Kritik Sastra Perspektif Hermeneutika Kritis Habermas

sumber foto: britannica.com
Semarang, Justisia.com – Sastra dipandang sebelah mata. Tidak terbatas pada pemilihan diksi dan bahasa yang asing didengar, juga sulitnya menyambungkan implikasi makna tulisan yang ditulis oleh penulis. Pembaca dihadapkan pada ‘persoalan tendensi dan substansi penulis’. Hal ini lumrah dijumpai bagi setiap pembaca sastra, tidak terkecuali saya.
Kendati demikian, sastra dinilai sebagai pembebasan. Karya yang terbuka terhadap berbagai interpretasi (penafsiran); penyampaian pesan baik secara eksplisit atau implisit. Pesan yang tidak begitu saja langsung diterima dan dipahami oleh pembaca, karena bahasa yang digunakan dalam karya sastra adalah bahasa konotatif.
Berpijak pada pembacaan di atas, karena sastra adalah permainan olah bahasa, maka mengindikasikan perlunya alat untuk menjelaskan dan menafsirkan.
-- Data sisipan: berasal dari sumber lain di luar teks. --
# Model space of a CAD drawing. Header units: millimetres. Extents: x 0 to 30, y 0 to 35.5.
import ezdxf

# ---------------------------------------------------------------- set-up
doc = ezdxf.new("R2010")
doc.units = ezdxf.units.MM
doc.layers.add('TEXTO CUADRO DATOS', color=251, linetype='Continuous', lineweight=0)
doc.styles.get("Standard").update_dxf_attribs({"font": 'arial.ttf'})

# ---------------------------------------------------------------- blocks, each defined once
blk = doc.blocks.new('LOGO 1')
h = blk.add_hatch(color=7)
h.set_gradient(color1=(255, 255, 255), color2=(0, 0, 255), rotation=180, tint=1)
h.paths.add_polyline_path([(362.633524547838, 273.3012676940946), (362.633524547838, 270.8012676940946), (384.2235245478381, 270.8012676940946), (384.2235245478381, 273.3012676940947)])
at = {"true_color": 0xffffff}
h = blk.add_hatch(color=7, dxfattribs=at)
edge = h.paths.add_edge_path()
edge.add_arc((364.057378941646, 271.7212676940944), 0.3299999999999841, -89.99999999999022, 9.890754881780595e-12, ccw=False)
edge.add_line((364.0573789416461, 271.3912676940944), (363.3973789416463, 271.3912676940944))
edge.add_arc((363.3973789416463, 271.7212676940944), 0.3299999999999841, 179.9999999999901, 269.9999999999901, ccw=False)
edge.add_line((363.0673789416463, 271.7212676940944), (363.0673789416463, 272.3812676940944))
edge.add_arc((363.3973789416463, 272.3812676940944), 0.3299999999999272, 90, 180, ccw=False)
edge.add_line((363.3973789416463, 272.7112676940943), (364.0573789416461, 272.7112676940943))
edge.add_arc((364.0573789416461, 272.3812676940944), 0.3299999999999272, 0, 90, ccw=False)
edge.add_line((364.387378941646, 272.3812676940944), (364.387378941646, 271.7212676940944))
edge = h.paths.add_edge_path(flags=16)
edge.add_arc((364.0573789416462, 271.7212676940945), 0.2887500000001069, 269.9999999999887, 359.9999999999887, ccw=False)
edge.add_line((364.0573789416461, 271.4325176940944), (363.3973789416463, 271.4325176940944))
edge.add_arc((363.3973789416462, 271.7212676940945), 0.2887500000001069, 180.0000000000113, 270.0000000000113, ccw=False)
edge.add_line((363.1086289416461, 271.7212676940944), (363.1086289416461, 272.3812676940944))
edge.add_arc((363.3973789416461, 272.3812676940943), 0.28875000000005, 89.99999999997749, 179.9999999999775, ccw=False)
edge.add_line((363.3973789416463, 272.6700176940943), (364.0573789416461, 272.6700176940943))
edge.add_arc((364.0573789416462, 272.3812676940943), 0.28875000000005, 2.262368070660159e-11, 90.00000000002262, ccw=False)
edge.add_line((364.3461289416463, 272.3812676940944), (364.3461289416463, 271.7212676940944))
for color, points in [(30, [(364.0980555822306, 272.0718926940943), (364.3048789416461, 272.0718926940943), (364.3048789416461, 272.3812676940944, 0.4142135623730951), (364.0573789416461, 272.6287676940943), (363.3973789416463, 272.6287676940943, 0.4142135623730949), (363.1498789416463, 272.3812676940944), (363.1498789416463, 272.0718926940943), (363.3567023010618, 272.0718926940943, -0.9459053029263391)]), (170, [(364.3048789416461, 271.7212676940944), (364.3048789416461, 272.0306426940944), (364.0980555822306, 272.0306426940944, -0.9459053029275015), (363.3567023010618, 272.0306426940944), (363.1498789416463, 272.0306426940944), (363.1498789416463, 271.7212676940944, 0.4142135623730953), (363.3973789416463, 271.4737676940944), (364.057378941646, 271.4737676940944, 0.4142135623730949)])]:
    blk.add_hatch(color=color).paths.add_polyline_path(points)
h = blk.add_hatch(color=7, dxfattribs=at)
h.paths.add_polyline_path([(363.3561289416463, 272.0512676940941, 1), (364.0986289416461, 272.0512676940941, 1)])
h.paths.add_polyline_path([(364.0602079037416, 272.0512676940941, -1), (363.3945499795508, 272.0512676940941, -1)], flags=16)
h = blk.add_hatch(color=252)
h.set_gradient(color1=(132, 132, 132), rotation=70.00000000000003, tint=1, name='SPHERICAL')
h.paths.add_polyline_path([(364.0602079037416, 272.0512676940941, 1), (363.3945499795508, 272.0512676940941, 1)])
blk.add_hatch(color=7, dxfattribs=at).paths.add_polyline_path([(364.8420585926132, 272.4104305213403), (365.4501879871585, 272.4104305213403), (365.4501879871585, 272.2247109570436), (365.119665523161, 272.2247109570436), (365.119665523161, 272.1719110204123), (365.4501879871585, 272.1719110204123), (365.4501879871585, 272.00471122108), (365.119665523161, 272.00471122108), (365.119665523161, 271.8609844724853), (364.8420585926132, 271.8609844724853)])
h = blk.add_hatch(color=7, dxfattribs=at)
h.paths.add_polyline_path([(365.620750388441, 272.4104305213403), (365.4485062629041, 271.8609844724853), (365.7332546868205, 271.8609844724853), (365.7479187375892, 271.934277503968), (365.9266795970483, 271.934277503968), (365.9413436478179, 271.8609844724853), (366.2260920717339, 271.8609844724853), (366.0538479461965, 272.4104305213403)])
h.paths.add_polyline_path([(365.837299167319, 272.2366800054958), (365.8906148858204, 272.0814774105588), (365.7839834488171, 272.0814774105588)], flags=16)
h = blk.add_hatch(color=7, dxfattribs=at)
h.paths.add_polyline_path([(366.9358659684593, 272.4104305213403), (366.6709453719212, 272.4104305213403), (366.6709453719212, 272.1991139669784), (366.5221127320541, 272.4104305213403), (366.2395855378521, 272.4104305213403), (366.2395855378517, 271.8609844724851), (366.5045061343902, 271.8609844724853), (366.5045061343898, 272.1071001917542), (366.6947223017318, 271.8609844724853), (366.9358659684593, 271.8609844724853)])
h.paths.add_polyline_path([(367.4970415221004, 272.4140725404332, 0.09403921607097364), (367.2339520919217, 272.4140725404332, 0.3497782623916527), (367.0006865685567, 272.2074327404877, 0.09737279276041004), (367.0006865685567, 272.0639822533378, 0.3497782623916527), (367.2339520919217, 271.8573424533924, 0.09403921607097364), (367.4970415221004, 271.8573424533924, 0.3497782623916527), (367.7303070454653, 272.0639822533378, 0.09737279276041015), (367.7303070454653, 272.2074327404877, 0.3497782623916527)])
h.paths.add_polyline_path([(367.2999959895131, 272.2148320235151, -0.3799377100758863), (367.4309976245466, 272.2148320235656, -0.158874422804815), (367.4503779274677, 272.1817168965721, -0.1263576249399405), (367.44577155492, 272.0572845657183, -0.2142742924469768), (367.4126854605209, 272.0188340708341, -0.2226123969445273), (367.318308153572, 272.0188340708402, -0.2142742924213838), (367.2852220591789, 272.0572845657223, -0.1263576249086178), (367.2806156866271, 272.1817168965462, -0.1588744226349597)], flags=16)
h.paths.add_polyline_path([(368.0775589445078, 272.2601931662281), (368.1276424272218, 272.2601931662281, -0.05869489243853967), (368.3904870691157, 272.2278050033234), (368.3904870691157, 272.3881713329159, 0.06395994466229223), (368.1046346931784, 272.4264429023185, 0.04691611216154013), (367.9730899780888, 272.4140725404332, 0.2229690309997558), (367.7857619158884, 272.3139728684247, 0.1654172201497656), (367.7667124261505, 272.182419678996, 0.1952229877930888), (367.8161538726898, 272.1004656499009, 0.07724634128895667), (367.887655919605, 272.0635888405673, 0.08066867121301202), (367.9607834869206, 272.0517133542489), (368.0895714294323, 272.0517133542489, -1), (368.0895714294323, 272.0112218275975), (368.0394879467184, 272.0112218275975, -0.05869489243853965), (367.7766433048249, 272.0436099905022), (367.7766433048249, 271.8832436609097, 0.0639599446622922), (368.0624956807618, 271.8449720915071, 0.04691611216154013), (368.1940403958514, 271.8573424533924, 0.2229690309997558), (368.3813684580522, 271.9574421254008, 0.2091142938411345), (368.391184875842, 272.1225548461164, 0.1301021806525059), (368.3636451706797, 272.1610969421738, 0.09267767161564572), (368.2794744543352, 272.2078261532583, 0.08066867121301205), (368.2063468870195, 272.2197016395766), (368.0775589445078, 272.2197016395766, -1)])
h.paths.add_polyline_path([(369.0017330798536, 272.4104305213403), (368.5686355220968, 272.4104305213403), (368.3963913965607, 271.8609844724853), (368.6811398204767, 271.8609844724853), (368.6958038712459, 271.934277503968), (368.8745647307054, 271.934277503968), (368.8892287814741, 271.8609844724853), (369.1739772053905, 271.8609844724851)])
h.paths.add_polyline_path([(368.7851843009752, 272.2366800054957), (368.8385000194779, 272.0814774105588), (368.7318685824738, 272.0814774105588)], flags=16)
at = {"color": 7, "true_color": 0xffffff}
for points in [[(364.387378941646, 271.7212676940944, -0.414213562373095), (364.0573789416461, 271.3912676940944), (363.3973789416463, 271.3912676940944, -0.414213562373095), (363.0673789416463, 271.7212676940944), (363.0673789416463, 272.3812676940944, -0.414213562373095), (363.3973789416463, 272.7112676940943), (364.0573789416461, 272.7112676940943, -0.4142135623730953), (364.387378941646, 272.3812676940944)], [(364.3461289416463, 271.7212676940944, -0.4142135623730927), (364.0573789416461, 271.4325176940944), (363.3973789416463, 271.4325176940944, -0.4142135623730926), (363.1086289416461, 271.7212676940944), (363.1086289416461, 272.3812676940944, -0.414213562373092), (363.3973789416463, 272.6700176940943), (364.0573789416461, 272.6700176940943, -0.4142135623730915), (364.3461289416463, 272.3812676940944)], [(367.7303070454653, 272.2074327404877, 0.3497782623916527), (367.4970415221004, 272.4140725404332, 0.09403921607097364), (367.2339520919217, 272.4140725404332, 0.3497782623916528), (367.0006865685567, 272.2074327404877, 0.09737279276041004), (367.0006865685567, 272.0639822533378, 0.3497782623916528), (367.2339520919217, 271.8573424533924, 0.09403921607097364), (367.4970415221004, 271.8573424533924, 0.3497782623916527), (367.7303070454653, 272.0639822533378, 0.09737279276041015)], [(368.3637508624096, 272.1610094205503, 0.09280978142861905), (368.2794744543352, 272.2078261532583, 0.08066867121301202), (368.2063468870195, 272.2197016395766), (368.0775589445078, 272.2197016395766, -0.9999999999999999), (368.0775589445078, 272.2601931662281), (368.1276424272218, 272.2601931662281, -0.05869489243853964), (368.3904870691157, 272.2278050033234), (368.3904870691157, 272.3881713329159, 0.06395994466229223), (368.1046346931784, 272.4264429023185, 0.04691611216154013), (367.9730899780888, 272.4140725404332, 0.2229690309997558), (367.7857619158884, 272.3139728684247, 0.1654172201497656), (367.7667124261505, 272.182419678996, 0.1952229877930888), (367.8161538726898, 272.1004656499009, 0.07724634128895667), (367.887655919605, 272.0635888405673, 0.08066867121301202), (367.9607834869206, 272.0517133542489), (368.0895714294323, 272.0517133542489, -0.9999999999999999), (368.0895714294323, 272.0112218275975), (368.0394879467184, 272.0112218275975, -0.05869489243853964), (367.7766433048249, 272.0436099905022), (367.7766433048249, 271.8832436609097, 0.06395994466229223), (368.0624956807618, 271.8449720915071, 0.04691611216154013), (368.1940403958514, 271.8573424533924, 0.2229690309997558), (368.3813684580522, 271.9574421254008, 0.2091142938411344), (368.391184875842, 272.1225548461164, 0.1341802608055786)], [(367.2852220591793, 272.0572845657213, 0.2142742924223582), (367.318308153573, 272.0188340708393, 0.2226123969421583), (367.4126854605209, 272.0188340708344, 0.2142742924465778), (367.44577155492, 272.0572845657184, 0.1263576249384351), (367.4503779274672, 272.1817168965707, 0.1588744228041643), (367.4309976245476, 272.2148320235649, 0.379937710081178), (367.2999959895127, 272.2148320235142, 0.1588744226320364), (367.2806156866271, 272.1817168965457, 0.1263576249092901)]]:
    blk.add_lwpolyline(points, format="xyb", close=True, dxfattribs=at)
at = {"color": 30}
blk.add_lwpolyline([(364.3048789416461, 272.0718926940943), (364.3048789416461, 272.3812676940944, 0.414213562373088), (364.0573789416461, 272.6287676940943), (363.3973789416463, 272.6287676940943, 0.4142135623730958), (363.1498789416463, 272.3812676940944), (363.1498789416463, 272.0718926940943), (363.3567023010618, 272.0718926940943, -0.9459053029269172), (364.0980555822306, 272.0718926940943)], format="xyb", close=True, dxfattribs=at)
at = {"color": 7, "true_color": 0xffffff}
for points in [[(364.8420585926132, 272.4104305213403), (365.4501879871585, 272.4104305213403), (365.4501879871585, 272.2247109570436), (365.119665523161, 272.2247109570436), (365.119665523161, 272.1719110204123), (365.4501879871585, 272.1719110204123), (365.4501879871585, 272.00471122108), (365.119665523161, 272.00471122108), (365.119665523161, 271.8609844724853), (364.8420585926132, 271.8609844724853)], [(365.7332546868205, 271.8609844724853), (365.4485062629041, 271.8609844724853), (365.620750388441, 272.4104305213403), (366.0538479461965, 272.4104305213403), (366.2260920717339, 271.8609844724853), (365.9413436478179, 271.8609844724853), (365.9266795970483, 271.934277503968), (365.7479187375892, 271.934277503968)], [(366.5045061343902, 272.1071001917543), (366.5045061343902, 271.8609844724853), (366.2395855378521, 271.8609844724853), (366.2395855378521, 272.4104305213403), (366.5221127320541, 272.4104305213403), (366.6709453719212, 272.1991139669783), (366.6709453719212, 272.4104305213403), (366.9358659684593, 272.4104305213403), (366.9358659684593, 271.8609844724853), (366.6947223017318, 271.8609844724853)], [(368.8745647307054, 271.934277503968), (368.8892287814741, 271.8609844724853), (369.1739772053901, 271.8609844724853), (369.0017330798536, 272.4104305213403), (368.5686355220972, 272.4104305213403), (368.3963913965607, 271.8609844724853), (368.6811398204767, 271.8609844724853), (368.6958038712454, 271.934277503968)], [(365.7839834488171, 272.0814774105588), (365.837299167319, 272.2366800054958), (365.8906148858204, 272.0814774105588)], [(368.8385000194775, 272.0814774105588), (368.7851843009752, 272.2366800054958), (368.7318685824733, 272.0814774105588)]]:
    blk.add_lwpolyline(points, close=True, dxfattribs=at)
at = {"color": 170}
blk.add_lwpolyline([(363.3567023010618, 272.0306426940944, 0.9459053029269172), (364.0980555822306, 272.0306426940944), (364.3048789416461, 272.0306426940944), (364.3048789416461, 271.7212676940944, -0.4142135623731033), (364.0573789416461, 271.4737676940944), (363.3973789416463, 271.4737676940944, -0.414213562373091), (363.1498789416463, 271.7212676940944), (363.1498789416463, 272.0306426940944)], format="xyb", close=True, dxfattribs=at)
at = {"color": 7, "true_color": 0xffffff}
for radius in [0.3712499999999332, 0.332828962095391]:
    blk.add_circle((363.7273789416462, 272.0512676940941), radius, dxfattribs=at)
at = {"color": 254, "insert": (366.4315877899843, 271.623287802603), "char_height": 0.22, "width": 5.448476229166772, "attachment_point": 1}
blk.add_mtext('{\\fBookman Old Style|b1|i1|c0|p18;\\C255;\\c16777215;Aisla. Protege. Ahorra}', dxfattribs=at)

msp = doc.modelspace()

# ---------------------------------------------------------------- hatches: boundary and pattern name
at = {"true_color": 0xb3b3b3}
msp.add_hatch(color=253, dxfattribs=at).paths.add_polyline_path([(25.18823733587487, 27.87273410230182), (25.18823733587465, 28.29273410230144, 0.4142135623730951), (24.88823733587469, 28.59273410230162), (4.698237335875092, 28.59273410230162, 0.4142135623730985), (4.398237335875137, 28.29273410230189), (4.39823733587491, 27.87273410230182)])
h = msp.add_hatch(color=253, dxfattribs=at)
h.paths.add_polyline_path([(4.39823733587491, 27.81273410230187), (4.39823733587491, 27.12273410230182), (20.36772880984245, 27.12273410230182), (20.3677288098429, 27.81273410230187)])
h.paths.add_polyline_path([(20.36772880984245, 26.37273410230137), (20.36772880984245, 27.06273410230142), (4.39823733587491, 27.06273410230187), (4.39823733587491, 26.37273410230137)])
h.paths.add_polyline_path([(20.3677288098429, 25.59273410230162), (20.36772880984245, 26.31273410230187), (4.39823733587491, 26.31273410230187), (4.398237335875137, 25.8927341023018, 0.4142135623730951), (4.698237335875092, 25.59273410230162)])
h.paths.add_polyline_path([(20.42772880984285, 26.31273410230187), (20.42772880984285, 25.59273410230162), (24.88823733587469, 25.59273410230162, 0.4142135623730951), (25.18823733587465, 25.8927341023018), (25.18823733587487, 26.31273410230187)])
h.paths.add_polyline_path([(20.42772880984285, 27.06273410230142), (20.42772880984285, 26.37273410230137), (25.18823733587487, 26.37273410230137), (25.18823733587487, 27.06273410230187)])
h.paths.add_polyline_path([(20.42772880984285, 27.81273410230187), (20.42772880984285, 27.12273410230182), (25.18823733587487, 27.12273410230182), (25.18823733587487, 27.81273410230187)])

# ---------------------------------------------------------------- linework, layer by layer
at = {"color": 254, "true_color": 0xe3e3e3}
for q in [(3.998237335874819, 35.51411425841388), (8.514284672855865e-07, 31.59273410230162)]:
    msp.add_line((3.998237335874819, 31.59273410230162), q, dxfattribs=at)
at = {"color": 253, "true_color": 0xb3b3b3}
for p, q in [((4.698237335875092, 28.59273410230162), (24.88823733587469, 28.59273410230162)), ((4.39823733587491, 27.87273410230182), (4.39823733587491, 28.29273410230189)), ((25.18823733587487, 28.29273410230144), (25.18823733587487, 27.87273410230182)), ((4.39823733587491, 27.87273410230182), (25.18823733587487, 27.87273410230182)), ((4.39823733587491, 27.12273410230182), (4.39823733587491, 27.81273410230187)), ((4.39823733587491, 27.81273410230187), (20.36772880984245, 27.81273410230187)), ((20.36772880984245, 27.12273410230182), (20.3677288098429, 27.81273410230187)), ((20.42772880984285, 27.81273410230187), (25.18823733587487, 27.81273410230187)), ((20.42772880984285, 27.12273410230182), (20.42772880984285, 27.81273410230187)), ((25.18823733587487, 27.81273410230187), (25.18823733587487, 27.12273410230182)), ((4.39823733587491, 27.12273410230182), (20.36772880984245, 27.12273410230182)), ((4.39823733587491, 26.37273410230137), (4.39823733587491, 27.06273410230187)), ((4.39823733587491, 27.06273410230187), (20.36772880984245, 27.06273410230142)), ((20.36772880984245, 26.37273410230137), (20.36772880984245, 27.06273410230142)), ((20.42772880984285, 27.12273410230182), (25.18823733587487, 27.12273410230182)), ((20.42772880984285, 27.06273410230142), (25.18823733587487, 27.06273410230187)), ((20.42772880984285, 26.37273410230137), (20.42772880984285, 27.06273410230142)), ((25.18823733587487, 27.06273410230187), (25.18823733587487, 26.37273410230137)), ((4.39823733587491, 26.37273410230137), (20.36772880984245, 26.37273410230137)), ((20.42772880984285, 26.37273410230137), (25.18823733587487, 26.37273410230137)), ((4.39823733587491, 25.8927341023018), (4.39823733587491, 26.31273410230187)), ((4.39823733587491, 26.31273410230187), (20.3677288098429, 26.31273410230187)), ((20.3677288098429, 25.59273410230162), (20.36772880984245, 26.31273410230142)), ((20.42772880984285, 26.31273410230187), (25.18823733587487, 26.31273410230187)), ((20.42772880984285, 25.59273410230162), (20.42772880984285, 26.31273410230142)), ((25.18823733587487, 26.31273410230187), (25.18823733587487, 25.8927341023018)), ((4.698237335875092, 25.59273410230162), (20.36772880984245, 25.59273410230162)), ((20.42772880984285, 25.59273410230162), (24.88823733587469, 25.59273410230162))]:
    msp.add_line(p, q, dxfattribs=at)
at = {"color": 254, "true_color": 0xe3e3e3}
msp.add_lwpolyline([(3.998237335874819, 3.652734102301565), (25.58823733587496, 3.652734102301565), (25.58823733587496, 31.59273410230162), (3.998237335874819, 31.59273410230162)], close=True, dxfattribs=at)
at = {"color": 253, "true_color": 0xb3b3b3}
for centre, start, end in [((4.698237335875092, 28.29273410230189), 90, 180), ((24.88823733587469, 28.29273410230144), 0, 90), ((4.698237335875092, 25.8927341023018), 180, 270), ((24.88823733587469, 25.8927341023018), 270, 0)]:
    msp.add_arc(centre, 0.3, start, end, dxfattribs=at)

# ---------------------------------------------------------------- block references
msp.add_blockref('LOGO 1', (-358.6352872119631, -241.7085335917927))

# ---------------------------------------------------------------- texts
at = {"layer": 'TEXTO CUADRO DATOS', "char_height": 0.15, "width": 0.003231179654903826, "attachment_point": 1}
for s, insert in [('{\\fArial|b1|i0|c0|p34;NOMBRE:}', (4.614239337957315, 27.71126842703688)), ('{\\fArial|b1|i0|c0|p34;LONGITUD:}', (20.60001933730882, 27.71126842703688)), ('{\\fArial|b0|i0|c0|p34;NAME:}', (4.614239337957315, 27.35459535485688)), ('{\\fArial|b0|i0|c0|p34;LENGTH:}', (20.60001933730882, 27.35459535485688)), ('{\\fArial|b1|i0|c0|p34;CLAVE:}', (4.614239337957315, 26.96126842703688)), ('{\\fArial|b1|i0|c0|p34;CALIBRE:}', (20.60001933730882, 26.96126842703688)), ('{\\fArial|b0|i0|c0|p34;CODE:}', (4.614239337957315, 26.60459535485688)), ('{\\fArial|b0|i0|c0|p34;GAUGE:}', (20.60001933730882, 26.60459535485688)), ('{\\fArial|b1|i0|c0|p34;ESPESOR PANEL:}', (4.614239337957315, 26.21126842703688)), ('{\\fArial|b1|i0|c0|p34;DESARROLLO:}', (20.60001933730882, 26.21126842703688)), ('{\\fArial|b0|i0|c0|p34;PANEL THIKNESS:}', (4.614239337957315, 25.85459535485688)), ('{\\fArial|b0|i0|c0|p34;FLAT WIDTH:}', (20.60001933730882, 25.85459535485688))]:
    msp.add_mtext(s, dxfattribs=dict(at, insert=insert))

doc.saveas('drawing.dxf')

Sastra sangat erat kaitannya dengan ‘apa yang diucapkan atau ditulis oleh penulis mempunyai makna lebih dari satu jika dihubungkan dengan konteks yang berbeda’.
Karena cirinya yang demikian, berbekal pemahaman dan pembacaan pendek saya, model hermeneutika ala Habermas, didukung hermeneutik tokoh lain, mempunyai kemungkinan sebagai medium interpreter sastra; teori pengoperasian pemahaman dalam hubungannya dengan interpretasi terhadap teks (Berthin Simega, 2013).
Hermeneutika dan Hermeneutika Kritis Habermas
Hermeneutika identik dengan ‘seni memahami’. Istilah ini dipopulerkan oleh Schleiermacher. Adalah tokoh filsuf pertama mengusung konsep pemahaman yang menjembatani kesenjangan ruang dan waktu antara teks, penulis dan pembaca untuk menemukan maksud asli penulis teks itu tanpa prasangka pembacanya.
Definisi Hermeneutika (Budi Hardiman, 2015), merujuk gambaran umum Richard E. Palmer, adalah sebagai metodologi filologis; mencoba menafsirkan berbagai teks dan sebagai sistem interpretasi; pemulihan dan penggalian kembali makna. Adalah sebuah kegiatan yang sangat khusus, yaitu menafsir teks-teks sakral.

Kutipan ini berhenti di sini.